Benedict XVI's Christmas homily: how God became a child for us

Benedict XVI's Christmas homily: how God became a child for us

Pope Benedict XVI

God's sign is simplicity. God's sign is the baby. God's sign is that he makes himself small for us. This is how he reigns. He does not come with power and outward splendour. He comes as a baby - defenceless and in need of our help.

He does not want to overwhelm us with his strength. He takes away our fear of his greatness. He asks for our love: so he makes himself a child. He wants nothing other from us than our love, through which we spontaneously learn to enter into his feelings, his thoughts and his will - we learn to live with him and to practise with him that humility of renunciation that belongs to the very essence of love.

God made himself small so that we could understand him, welcome him, and love him. He became a child, so that the Word could be grasped by us. In this way God teaches us to love the little ones. In this way he teaches us to love the weak. In this way he teaches us respect for children.

Suffering children

The child of Bethlehem directs our gaze towards all children who suffer and are abused in the world, the born and the unborn. Towards children who are placed as soldiers in a violent world; towards children who have to beg; towards children who suffer deprivation and hunger; towards children who are unloved.

In all of these it is the Child of Bethlehem who is crying out to us; it is the God who has become small who appeals to us. Let us ask God to help us do our part so that the dignity of children may be respected. May they all experience the light of love, which mankind needs so much more than the material necessities of life.

Jesus 'abbreviated' the Word - he showed us once more its deeper simplicity and unity. Everything taught by the Law and the Prophets is summed up - he says - in the command: 'You shall love the Lord your God with all your heart, and with all your soul, and with all your mind --- You shall love your neighbour as yourself' (Mt 22:37-40).

This is everything - the whole faith is contained in this one act of love which embraces God and humanity. Yet now further questions arise: how are we to love God with all our mind, when our intellect can barely reach him? How are we to love him with all our heart and soul, when our heart can only catch a glimpse of him from afar, when there are so many contradictions in the world that would hide his face from us?

This is where the two ways in which God has 'abbreviated' his Word come together. He is no longer distant. He is no longer unknown. He is no longer beyond the reach of our heart. He has become a child for us, and in so doing he has dispelled all doubt. He has become our neighbour, restoring in this way the image of man, whom we often find so hard to love.

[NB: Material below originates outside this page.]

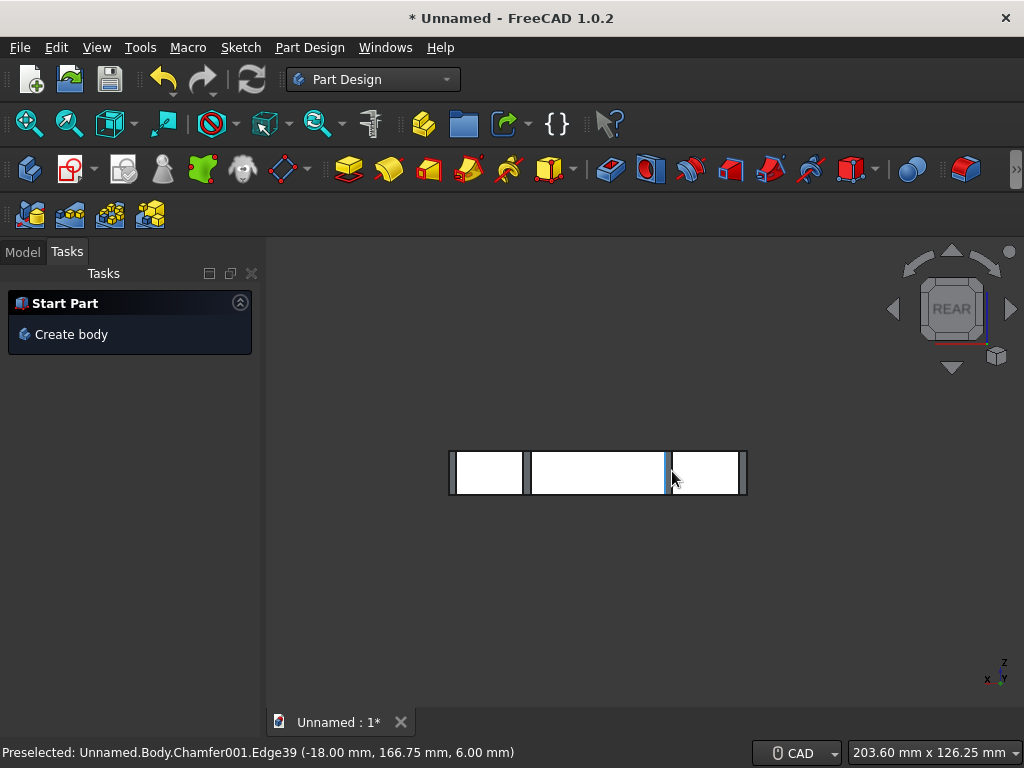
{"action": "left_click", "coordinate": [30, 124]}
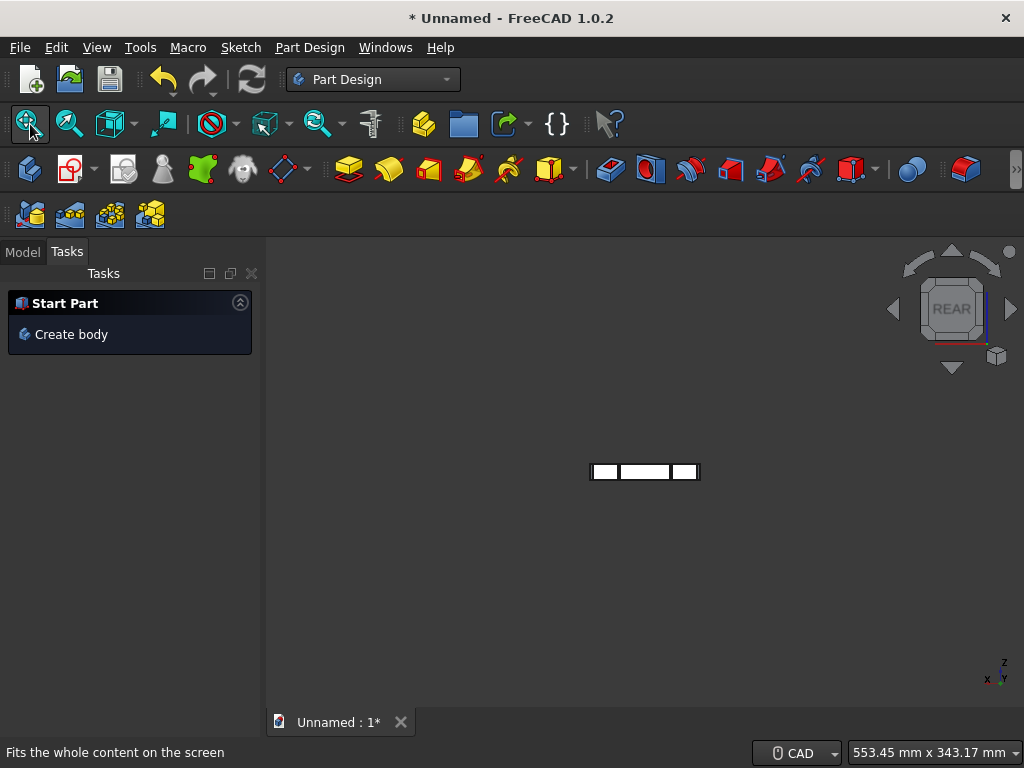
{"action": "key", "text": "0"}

For us, God has become a gift. He has given himself. He has entered time for us. He who is the Eternal One, above time, he has assumed our time and raised it to himself on high. Christmas has become the Feast of gifts in imitation of God who has given himself to us. Let us allow our heart, our soul and our mind to be touched by this fact.

Among the many gifts that we buy and receive, let us not forget the true gift: to give each other something of ourselves, to give each other something of our time, to open our time to God. In this way anxiety disappears, joy is born, and the feast is created.

And so, finally, we find yet a third meaning in the saying that the Word became 'brief' and 'small'. The shepherds were told that they would find the child in a manger for animals, who were the rightful occupants of the stable.

Reading Isaiah (1:3), the Fathers concluded that beside the manger of Bethlehem there stood an ox and an ass. At the same time they interpreted the text as symbolising the Jews and the pagans - and thus all humanity - who have need of a Saviour: the God who became a child.

Man, in order to live, needs bread, the fruit of the earth and of his labour. But he does not live by bread alone. He needs nourishment for his soul: he needs meaning that can fill his life. Thus, for the Fathers, the manger of the animals became the symbol of the altar, on which lies the Bread which is Christ himself: the true food for our hearts.

Once again we see how he became small: in the humble appearance of the host, in a small piece of bread, he gives us himself.

Humility and simplicity

All this is conveyed by the sign that was given to the shepherds and is given also to us: the child born for us, the child in whom God became small for us. Let us ask the Lord to grant us the grace of looking upon the crib with the simplicity of the shepherds, so as to receive the joy with which they returned home (cf. Lk 2:20). Let us ask him to give us the humility and the faith with which Saint Joseph looked upon the child that Mary had conceived by the Holy Spirit.

Let us ask the Lord to let us look upon him with that same love with which Mary saw him. And let us pray that in this way the light that the shepherds saw will shine upon us too, and that what the angels sang that night will be accomplished throughout the world: 'Glory to God in the highest, and on earth peace among men with whom he is pleased.'

This is the shortened text of Benedict XVI's homily at the midnight Mass in St Peter's Basilica, Christmas 2006.